Besides people’s movements and consumers’ behaviors, waste management affects waste amount and composition. For example, MSW was generally collected more on Mondays, Tuesdays and Thursdays than on Wednesdays and Fridays in Montreal. Therefore, the significant monthly variations in Montreal’s MSW amount were likely due to more “major collection weekdays” in March and June while less in April, May and July in 2020 compared to 2019. Considering the spreading risks of contaminated wastes in recycling services, some Euro-American areas, including the six selected countries, restricted selective collections, e.g., a 35.5% reduction between March 23 and April 24 in Brazil, and recycling services, e.g., a 46% decrease in USA. Alternately, single-use plastic packaging was resurged, and recovery facilities were partially stopped in these countries.

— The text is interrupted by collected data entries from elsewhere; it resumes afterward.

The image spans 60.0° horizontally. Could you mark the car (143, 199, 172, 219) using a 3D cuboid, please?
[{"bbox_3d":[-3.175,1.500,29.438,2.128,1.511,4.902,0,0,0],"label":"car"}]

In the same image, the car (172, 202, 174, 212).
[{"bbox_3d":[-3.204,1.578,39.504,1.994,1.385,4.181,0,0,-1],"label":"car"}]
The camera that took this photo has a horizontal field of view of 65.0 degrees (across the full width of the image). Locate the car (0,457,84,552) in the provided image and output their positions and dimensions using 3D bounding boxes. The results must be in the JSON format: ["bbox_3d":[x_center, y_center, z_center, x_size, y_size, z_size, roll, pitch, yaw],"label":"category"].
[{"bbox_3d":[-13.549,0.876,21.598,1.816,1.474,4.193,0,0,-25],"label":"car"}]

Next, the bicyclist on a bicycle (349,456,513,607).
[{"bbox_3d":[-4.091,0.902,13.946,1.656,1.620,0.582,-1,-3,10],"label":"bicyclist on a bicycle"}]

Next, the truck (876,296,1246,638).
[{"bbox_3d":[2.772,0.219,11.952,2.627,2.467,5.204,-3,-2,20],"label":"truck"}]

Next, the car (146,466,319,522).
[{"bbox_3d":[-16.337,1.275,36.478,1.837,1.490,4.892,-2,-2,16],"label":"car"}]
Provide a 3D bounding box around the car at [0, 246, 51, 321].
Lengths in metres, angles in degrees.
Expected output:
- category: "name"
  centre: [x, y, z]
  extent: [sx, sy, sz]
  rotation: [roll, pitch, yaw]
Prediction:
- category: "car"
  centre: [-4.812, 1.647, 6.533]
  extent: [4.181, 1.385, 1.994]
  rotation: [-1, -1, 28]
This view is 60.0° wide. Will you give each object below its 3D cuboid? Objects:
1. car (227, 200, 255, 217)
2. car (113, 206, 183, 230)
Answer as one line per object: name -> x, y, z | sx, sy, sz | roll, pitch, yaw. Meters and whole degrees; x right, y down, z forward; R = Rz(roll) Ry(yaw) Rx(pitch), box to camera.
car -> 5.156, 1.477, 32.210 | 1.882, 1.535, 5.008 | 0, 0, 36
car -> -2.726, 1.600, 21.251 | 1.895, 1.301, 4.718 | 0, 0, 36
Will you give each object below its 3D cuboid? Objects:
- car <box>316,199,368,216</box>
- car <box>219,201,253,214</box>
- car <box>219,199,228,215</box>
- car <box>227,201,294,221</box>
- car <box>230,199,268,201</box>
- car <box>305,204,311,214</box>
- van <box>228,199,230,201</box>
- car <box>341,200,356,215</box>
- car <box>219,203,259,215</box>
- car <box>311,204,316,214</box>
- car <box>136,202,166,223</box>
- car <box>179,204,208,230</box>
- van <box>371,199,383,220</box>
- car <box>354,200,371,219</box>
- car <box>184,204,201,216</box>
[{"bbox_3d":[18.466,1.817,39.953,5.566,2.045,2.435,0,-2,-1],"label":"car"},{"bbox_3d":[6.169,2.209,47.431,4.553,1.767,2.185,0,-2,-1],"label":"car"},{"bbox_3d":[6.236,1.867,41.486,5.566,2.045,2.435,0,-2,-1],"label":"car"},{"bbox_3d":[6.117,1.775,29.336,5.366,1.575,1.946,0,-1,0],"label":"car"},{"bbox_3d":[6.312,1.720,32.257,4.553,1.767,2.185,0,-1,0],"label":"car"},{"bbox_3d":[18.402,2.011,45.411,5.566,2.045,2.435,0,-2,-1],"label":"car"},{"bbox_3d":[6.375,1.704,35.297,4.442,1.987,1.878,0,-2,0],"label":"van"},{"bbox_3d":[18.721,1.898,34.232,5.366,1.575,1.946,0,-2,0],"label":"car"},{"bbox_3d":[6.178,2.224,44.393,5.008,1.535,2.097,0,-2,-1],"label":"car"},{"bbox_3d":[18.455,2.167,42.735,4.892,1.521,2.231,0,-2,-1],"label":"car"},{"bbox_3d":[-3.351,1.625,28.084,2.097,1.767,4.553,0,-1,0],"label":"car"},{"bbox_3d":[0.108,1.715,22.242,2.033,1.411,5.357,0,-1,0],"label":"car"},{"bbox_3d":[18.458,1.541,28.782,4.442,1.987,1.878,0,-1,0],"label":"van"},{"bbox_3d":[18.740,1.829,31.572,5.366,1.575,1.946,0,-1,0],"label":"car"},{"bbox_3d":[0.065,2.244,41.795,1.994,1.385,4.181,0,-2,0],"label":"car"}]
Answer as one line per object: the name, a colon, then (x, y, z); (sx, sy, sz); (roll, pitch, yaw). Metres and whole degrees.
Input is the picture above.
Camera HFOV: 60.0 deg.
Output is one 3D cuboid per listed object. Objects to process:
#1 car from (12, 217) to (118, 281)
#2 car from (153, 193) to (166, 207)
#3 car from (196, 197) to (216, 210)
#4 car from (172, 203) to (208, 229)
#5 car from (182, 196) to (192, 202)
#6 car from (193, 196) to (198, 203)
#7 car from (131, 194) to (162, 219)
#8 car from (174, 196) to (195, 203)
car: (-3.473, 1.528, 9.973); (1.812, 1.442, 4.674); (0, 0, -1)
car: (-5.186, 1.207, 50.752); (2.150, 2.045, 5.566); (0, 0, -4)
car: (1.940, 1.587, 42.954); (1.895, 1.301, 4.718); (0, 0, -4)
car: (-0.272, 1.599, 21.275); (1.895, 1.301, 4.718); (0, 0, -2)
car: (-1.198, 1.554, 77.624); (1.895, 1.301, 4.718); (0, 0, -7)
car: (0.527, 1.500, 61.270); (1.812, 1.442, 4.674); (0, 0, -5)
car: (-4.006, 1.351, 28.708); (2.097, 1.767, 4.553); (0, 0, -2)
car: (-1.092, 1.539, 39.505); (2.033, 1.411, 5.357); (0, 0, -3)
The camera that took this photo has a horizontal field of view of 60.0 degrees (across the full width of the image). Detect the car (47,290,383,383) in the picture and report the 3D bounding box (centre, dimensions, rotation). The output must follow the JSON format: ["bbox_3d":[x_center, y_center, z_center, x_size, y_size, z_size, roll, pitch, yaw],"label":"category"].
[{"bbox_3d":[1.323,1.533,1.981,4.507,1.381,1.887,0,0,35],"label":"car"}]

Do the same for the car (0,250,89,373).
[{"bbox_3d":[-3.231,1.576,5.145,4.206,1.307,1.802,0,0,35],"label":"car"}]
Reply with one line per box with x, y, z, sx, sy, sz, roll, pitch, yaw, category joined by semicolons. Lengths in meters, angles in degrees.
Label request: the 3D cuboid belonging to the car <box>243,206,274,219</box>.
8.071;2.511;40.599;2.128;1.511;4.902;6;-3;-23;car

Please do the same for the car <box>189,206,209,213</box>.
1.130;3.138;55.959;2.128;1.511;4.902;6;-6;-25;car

Consequently, the amount of recyclable waste generally decreased, but mixed and bulky wastes increased during March–April 2020 because of significant changes in waste management services during the early pandemic (Fan et al. 2020; Gorrasi et al. 2020; Ragazzi et al. 2020). Overall, larger variations in the waste amount in Trento were in line with higher lockdown intensity compared to those in Montreal, affected by people mobility, consumers’ behaviors and waste management.

Conclusion

Our results showed the long-term effect of varying pandemic lockdowns on waste variations during different lockdown periods in some Euro-American regions during 2020–2021. Overall, the government lockdown intensity and people’s movements changed with the varying lockdowns, resulting in variations in the amount and composition of MSW during the pandemic. Generally, there have been mainly four successive lockdown periods in 2020 and people mobility appears better controlled in Italy and France versus USA, Brazil, Canada, UK. We found prolonged lockdowns caused larger decreases in commercial and construction wastes than household waste due to the drastic reduction in business, construction and tourist activities. The beginning of lockdown or unlocking measures promoted inhabitants’ consumption, generally leading to an increase in waste amount. Moreover, larger variations in the waste amount in Trento were in line with higher lockdown intensity compared to those in Montreal, affected by people mobility, consumers’ behaviors and waste management. Notably, the inadequacies of waste management systems in the early pandemic may lead to a decrease in waste collection of recyclable waste but an increase of bulky and mixed wastes. Thus, an appropriate strategy for the whole waste management system, including waste generation, collection, transport, recycling and disposal, should be considered to reduce waste for incineration and direct landfilling and increase waste recycling. Furthermore, the use of some new approached such as the automated waste management system through the Internet of Things can alleviate the risk of labor shortage and workers’ infection. Lastly, the resurgence of single-use plastic packaging is a temporary alternative, although it may cause further microplastic pollution and affect public engagement in MSW management after the pandemic. The recovery of waste management practices and policies based on a circular economy can be a priority.